Такие отношения, разумеется, рано или поздно, должны были обостриться и выясниться. Наступил лагерный сбор. За Сурой раскинулись белые, среди зеленых аллеек, палатки О-ского батальона. Солдаты, возвращаясь с учебной стрельбы, хвастались друг перед другом меткостью прицела, мечтая о призовых часах. Соткин, стреляя плохо, редко пробивал мишень более чем двумя пулями из пяти. Первый окрик фельдфебеля: «Соткин, смотри!» – и второй: «Ворона, а еще в первой роте!» заставили его целиться тщательнее и дольше; однако, более чем на три пули махальный не показывал ему красный значок. Через месяц перешли к подвижным мишеням.
На горизонтальном вращающемся шесте, за триста шагов, медленно показываясь из траншеи и пропадая, выскакивали поясные фигуры. Взвод стрелял лежа. Удушливая, огненная жара струила над полем бесцветные переливы воздуха, мушка и прицельная рамка блестели на солнце, лучась, как пламя свечи лучится прищурившемуся на нее человеку. Целиться было трудно. Вдали, на уровне глаз, ныряли, величиной с игральную карту, двухаршинные поясные мишени.

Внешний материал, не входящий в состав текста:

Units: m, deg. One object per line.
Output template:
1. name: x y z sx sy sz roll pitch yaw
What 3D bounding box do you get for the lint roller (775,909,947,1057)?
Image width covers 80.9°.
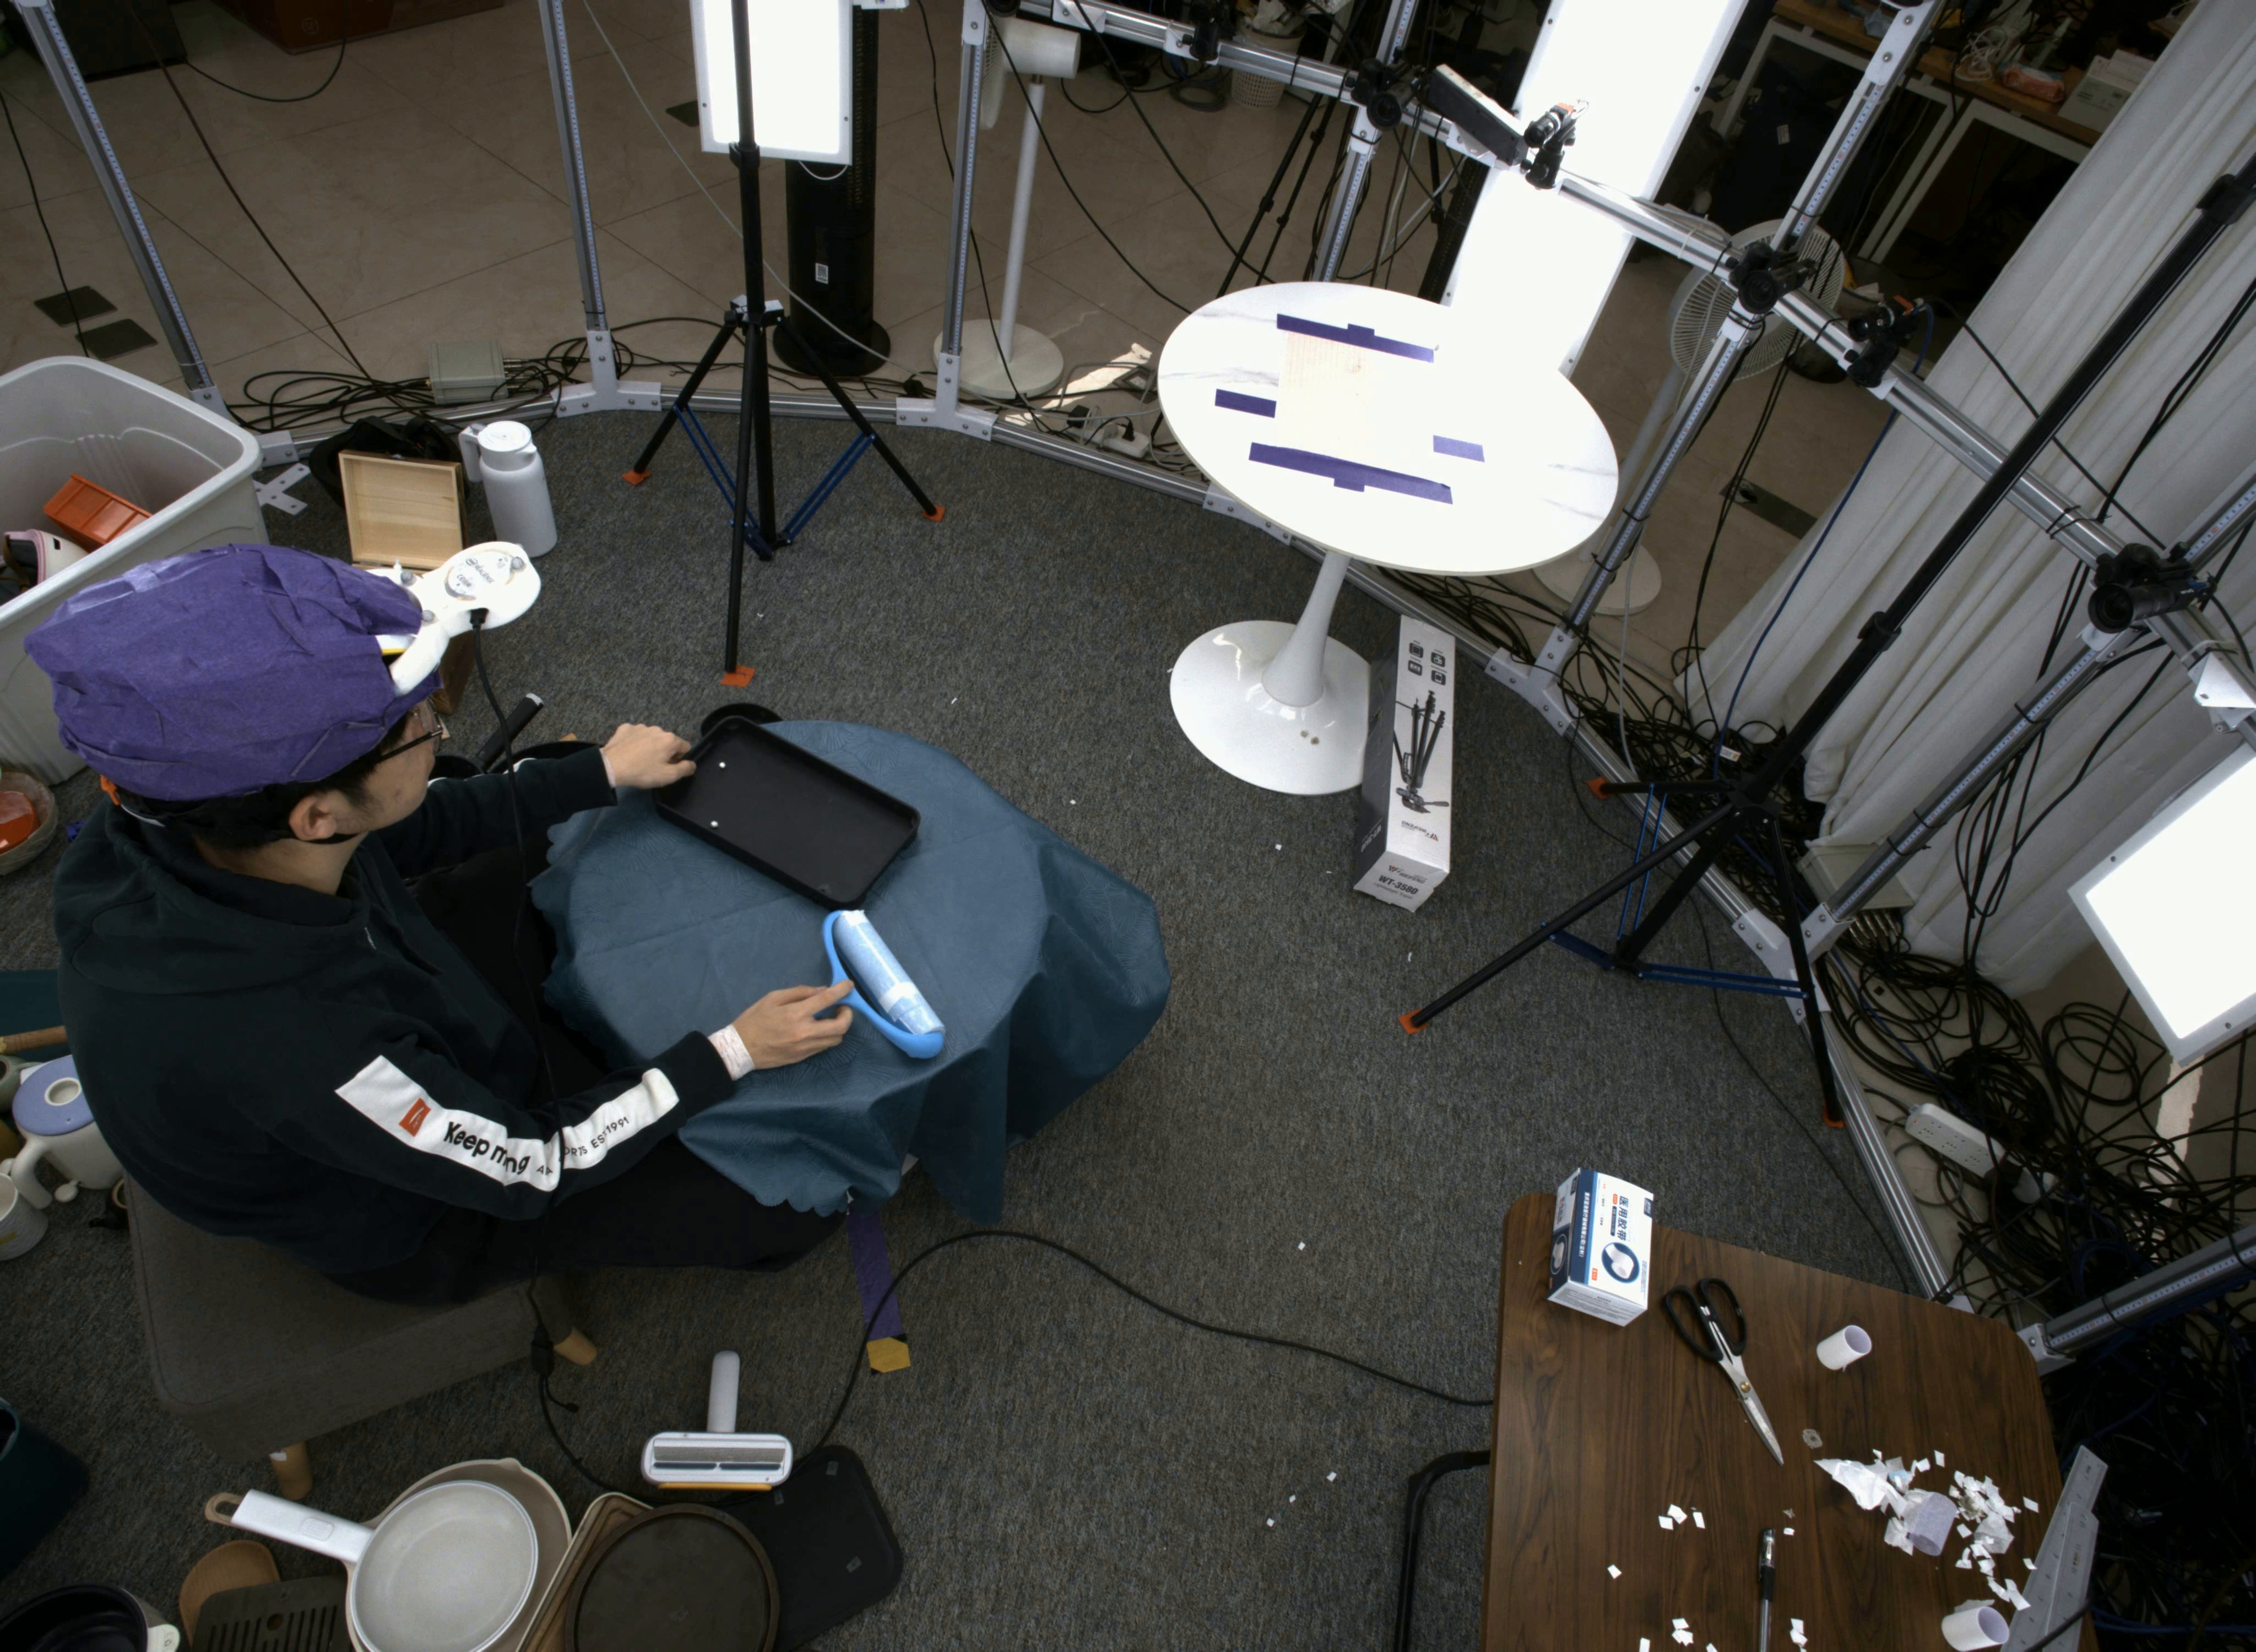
1. lint roller: -0.341 0.211 1.559 0.181 0.069 0.224 -29 68 -32

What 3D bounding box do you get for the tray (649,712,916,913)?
1. tray: -0.456 -0.021 1.715 0.314 0.038 0.183 27 53 4

Соткин, удерживая дыхание, прицелился и дал мишени исчезнуть с тем, чтобы выстрелить при следующем ее появлении.
Мишень появилась. Соткин выстрелил, пуля, выхлестнув далеко пыль, запела и унеслась. Он истратил зря и остальные четыре патрона, не попал.
– Под ранец, – сказал ротный. Соткин густо покраснел и насупился. Ему приходилось в первый раз отбывать наказание. Досада и беспричинный стыд овладели им, как будто он, действительно, чем-то замарал себя в глазах окружающих, но скоро понял, что стыдно лишь потому, что придется стоять истуканом в полном походном снаряжении два часа, все будут смотреть и хоть мысленно улыбаться.

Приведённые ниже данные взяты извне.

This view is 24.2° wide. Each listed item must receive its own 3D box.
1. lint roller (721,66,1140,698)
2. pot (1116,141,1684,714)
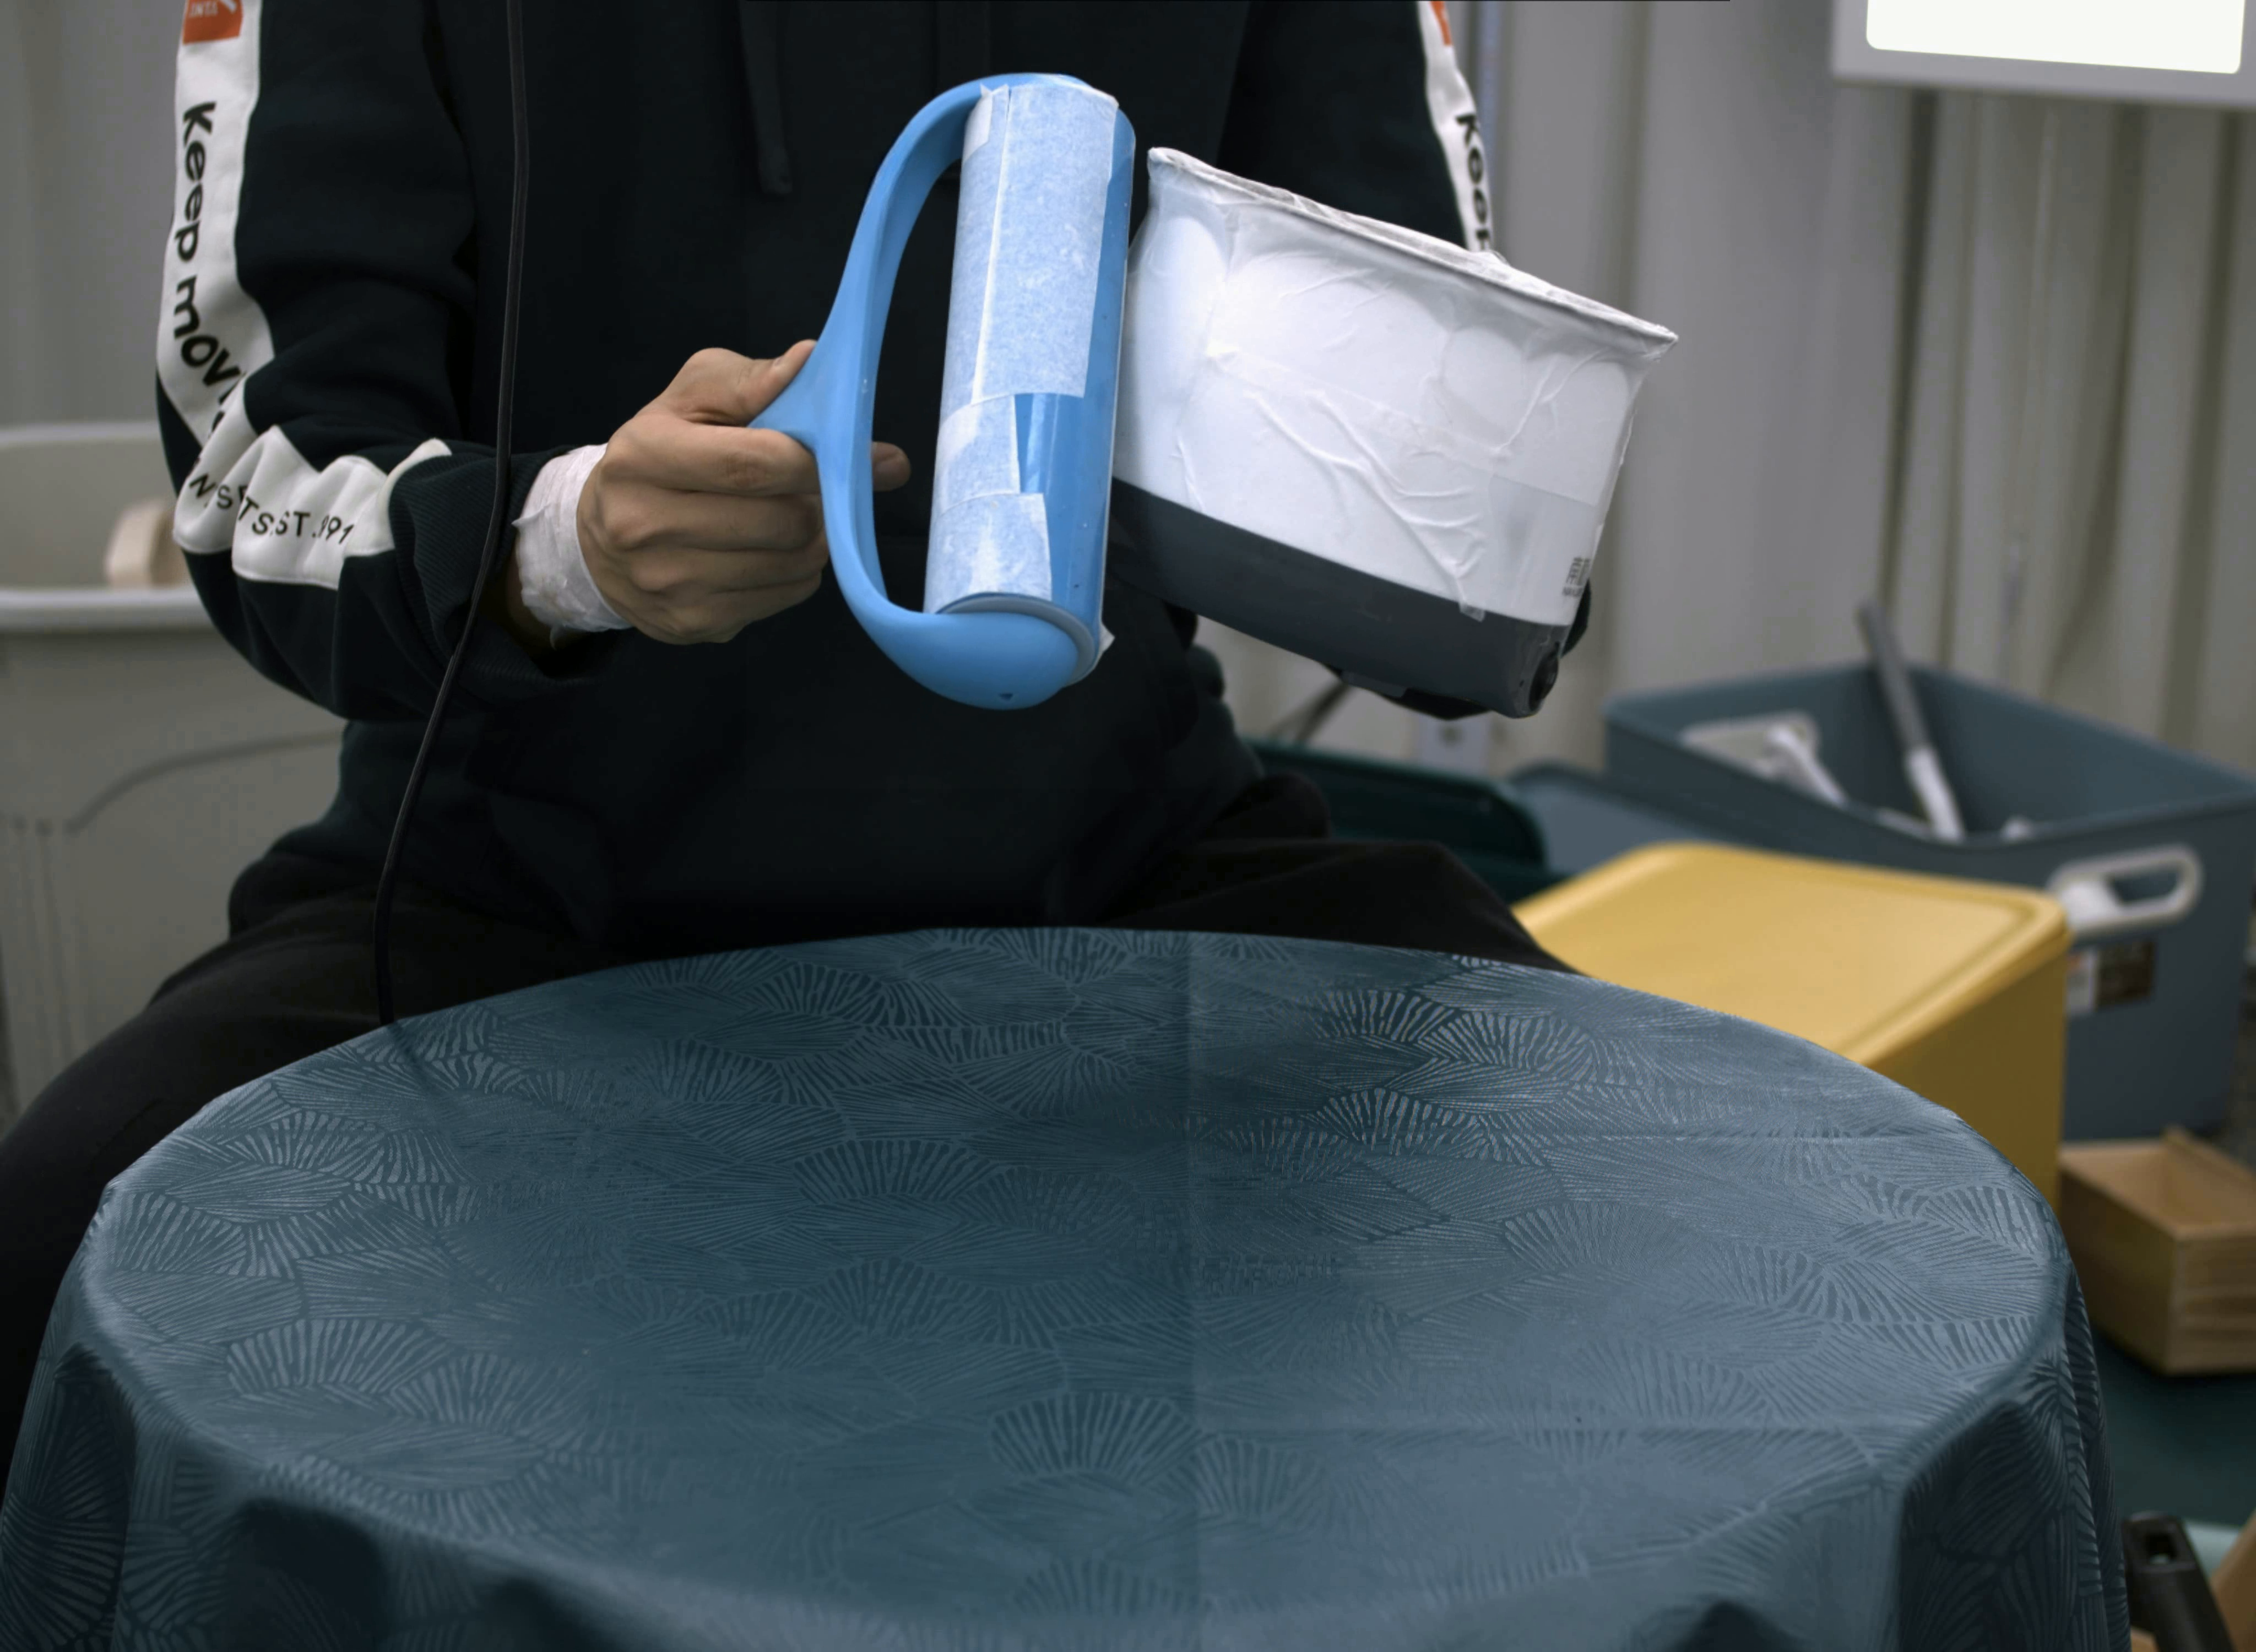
[{"bbox_3d":[-0.074,-0.118,1.626,0.179,0.227,0.069,-22,-38,30],"label":"lint roller"},{"bbox_3d":[0.078,-0.127,1.686,0.177,0.137,0.234,22,10,14],"label":"pot"}]

Рота, кончив стрельбу, с молодецкими песнями о «генерал-майоре Алхаз» и «крутящемся голубом шаре», вернулась в лагерь. Соткина разыскал взводный.
– Соткин, – равнодушно сказал он, кусая губу, – оденься и на линейку.
Солдат, выслушав приказание, вернулся в палатку, повесил на себя все, что требовалось уставом, – манерку, патронташи, скатанную шинель, сумку, взял винтовку и вышел, готовый провалиться сквозь землю. Красный, как пион, Соткин смотрел в холодное лицо унтера едва не умоляющими глазами. Унтер, осмотрев снаряжение, отвел Соткина к середине линейки и поставил лицом к лагерю…
– Так-то, – сказал он и посмотрел на часы, а затем ушел.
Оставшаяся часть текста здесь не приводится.